‘Brotherhood of organised crime a common enemy for people of Malta and Montenegro’

Montenegro Independent MP Srđan Milić has said the Maltese and Montenegrin people have a common enemy, which he described as the “brotherhood of organised crime”.

Commenting during the programme Magħkom presented by Lea Hogg and aired on Net TV on Friday, Milic said Montenegro and Malta are both victims of a lack of transparency.

“There are so many doubts surrounding this corrupt deal, and all we want is the truth. This is a common problem for the two countries – the lack of honesty and transparency,” he said.

Milic was asked to comment on the agreement between Malta and Montenegro, sealed by disgraced Minister Konrad Mizzi.

The Shift has investigated the Mozura wind farm project, uncovering a series of offshore accounts surrounding those individuals involved in the agreement. It was also established that the contract, from the beginning, was tainted by allegations of corruption.

The web of companies involved in the Mozura wind farm deal as revealed by The Shift. Graphic: Jovo Martinovic.

Investigations by Reuters, also published in The Times of Malta, revealed that millions were channelled through Dubai company 17 Black, owned by Yorgen Fenech who is believed to have masterminded the murder of journalist Daphne Caruana Galizia.

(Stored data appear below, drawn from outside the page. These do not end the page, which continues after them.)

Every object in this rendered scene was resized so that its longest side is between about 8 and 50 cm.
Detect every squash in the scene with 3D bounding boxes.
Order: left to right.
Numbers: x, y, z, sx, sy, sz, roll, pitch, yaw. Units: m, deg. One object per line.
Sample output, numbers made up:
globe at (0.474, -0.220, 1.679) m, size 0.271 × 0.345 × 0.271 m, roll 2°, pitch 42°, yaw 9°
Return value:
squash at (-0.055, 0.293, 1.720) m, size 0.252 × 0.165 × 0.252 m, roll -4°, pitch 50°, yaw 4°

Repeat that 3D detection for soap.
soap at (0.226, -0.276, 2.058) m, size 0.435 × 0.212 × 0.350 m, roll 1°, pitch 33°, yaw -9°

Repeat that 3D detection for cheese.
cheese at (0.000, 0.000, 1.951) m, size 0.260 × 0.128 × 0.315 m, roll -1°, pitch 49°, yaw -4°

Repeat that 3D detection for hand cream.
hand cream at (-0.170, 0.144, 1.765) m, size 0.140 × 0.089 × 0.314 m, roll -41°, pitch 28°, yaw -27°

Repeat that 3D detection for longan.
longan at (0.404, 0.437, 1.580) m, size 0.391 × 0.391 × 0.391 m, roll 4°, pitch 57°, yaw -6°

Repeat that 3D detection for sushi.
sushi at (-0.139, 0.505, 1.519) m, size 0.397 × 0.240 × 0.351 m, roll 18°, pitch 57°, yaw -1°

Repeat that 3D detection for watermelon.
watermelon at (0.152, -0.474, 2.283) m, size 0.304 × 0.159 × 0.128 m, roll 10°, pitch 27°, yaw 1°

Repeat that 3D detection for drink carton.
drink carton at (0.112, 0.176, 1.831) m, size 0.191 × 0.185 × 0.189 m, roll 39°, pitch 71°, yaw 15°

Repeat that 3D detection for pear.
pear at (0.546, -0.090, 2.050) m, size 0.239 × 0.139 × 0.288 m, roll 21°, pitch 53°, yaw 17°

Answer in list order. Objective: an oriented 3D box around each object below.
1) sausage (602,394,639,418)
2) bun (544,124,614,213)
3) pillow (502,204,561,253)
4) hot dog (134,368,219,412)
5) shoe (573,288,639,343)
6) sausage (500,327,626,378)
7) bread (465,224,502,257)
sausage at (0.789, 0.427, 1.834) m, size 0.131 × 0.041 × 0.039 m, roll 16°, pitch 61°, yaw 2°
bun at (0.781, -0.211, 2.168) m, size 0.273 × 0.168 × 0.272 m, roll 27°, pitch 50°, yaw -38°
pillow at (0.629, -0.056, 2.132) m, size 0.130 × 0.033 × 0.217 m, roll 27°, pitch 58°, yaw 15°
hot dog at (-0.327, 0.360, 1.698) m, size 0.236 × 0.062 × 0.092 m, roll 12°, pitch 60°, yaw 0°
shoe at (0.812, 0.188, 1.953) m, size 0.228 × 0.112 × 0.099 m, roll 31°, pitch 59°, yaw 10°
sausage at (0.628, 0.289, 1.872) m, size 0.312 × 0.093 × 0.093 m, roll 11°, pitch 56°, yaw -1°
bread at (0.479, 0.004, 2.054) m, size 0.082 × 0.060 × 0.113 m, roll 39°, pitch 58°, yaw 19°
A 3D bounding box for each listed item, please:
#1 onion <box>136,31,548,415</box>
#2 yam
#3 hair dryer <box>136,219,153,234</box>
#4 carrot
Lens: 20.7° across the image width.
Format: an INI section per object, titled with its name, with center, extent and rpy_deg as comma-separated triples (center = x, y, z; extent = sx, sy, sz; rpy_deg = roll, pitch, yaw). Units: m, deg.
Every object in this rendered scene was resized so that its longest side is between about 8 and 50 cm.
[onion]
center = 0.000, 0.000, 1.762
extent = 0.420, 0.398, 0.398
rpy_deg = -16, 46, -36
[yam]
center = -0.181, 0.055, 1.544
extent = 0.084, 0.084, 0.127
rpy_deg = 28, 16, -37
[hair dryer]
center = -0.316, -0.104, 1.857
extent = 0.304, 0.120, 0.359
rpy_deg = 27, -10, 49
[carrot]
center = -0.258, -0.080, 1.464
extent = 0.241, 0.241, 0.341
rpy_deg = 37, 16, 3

During the interview, Milic reviewed the beginning of Montenegro’s involvement with the wind farm, and reiterated his calls on the Montenegrin government to have the deal investigated by an independent parliamentary committee. He noted that parliamentary questions directed to the Prime Minister regarding the wind farm have remained unanswered.

He further said it was scandalous for Enemalta to make a false declaration on how much it invested in the wind farm, noting that this investigation has also developed into a case of tax evasion.

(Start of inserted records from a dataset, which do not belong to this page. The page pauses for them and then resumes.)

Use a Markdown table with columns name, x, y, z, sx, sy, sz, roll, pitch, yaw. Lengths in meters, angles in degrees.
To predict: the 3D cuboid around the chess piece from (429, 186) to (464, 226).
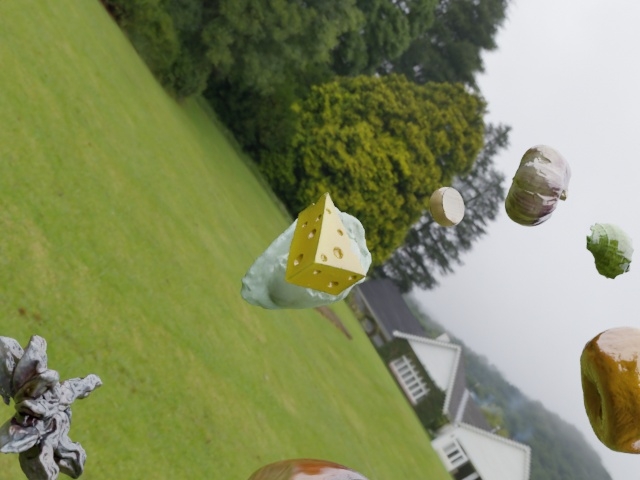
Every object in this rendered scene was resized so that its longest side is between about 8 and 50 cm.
| name | x | y | z | sx | sy | sz | roll | pitch | yaw |
| --- | --- | --- | --- | --- | --- | --- | --- | --- | --- |
| chess piece | 0.263 | -0.070 | 1.474 | 0.038 | 0.083 | 0.084 | -13 | -67 | 44 |

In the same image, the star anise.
| name | x | y | z | sx | sy | sz | roll | pitch | yaw |
| --- | --- | --- | --- | --- | --- | --- | --- | --- | --- |
| star anise | -0.453 | 0.270 | 1.160 | 0.212 | 0.129 | 0.283 | 69 | 9 | -52 |

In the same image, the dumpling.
| name | x | y | z | sx | sy | sz | roll | pitch | yaw |
| --- | --- | --- | --- | --- | --- | --- | --- | --- | --- |
| dumpling | -0.008 | 0.064 | 1.730 | 0.212 | 0.270 | 0.320 | 44 | 29 | 4 |

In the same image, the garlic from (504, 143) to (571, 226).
| name | x | y | z | sx | sy | sz | roll | pitch | yaw |
| --- | --- | --- | --- | --- | --- | --- | --- | --- | --- |
| garlic | 0.394 | -0.094 | 1.277 | 0.102 | 0.147 | 0.159 | 25 | -43 | 16 |

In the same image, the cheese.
| name | x | y | z | sx | sy | sz | roll | pitch | yaw |
| --- | --- | --- | --- | --- | --- | --- | --- | --- | --- |
| cheese | 0.000 | 0.000 | 1.351 | 0.126 | 0.093 | 0.171 | 16 | 52 | -35 |

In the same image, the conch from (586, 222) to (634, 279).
| name | x | y | z | sx | sy | sz | roll | pitch | yaw |
| --- | --- | --- | --- | --- | --- | --- | --- | --- | --- |
| conch | 0.497 | 0.014 | 1.217 | 0.121 | 0.089 | 0.074 | 39 | -33 | -19 |

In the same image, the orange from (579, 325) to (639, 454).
| name | x | y | z | sx | sy | sz | roll | pitch | yaw |
| --- | --- | --- | --- | --- | --- | --- | --- | --- | --- |
| orange | 0.608 | 0.281 | 1.369 | 0.249 | 0.183 | 0.249 | -9 | 90 | -86 |

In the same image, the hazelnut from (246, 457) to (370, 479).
| name | x | y | z | sx | sy | sz | roll | pitch | yaw |
| --- | --- | --- | --- | --- | --- | --- | --- | --- | --- |
| hazelnut | 0.012 | 0.478 | 1.028 | 0.372 | 0.372 | 0.316 | -141 | -118 | -79 |

Investigations by The Shift had revealed how, on the acquisition of the Mozura wind farm, Enemalta may have made a false declaration to authorities in Montenegro, in breach of the law, and in doing so reducing their tax liability.

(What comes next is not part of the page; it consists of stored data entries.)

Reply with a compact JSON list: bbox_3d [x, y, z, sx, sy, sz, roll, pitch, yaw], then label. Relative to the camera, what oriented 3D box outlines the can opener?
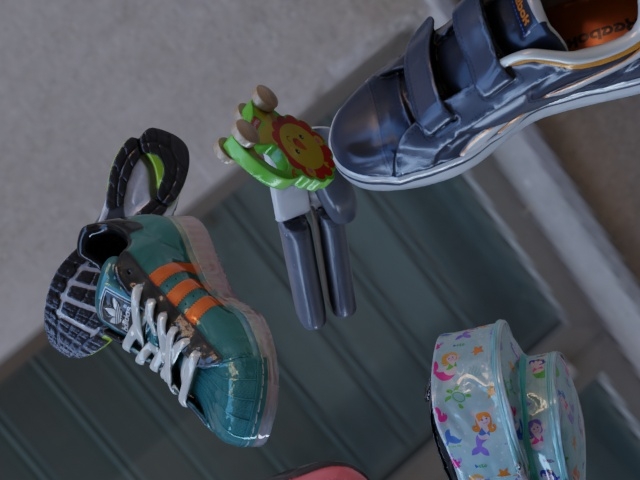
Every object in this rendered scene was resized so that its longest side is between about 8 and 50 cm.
[{"bbox_3d":[0.000,0.000,1.547,0.283,0.076,0.095,80,164,-44],"label":"can opener"}]

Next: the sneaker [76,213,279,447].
[{"bbox_3d":[-0.133,0.077,1.292,0.302,0.121,0.108,54,135,50],"label":"sneaker"}]

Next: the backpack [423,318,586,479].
[{"bbox_3d":[0.234,0.232,1.877,0.253,0.191,0.225,62,-158,-26],"label":"backpack"}]

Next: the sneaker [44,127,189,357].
[{"bbox_3d":[-0.243,0.011,1.827,0.111,0.300,0.121,27,174,3],"label":"sneaker"}]

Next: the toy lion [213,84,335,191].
[{"bbox_3d":[-0.030,-0.072,1.179,0.096,0.034,0.100,40,-148,-11],"label":"toy lion"}]

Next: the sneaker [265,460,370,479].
[{"bbox_3d":[-0.037,0.257,0.860,0.136,0.314,0.116,-7,122,49],"label":"sneaker"}]

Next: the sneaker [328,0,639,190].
[{"bbox_3d":[0.138,-0.148,1.199,0.127,0.321,0.126,43,-152,-58],"label":"sneaker"}]
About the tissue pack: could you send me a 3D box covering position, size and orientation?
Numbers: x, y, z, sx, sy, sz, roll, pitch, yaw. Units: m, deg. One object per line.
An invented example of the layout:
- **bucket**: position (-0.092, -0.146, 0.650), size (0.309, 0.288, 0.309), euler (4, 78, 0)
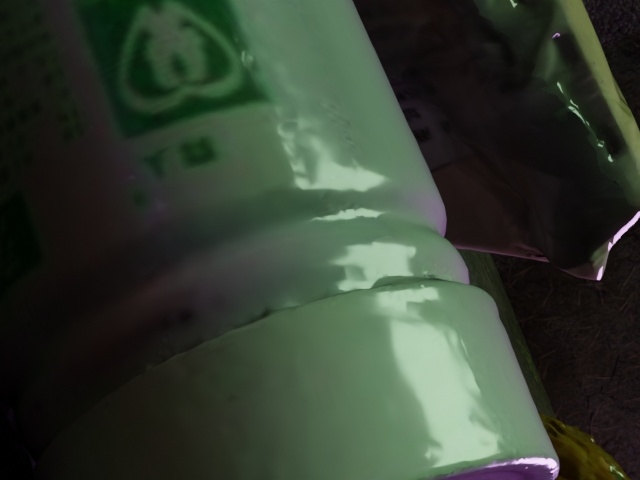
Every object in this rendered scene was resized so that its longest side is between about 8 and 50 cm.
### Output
- **tissue pack**: position (-0.027, -0.154, 1.047), size (0.375, 0.195, 0.390), euler (15, -37, 46)

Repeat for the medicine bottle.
- **medicine bottle**: position (-0.056, -0.009, 0.804), size (0.325, 0.212, 0.212), euler (67, 9, 18)

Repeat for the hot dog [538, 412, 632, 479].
- **hot dog**: position (0.209, 0.321, 1.540), size (0.267, 0.174, 0.388), euler (80, -10, -63)
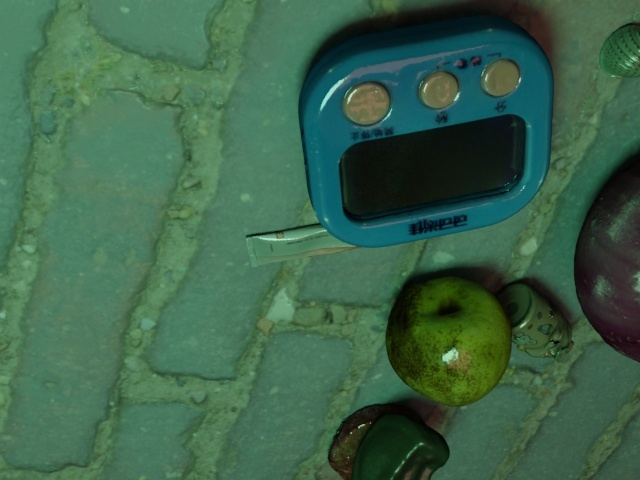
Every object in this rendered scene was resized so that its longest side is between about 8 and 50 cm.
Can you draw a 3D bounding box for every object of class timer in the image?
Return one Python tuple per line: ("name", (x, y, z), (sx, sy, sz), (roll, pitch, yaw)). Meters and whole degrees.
("timer", (0.141, -0.145, 1.400), (0.340, 0.115, 0.309), (-11, 127, -6))

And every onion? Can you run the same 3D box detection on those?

Enemalta told the authorities in Montenegro that it had paid €3.5 million in December 2015 to secure the acquisition of the Mozura wind farm. Yet the final price paid was €10.3 million.

In the Share Sale Agreement (SSA) dated 28 December 2015, the final sale price was listed as €3.5 million. This was not indicated as a down payment or deposit, but the agreed final price.

“Our duty is to say ‘stop’ and open all cases and all files related to this deal. There is a journalist who investigated this case and was murdered. We have to deliver to the people of Montenegro and Malta. We have to believe that the majority of the people in these two counties are good,” Milić said.

The European Commission has also said it wants the Mozura wind farm agreement investigated after the Montenegro parliament refused to discuss the motion presented by Milic, which could lead to those involved in Malta.

Konrad Mizzi, the former Minister who negotiated the deal, has since been expelled from the Labour Party parliamentary group, though he remains in parliament, serving as an ‘independent’ MP.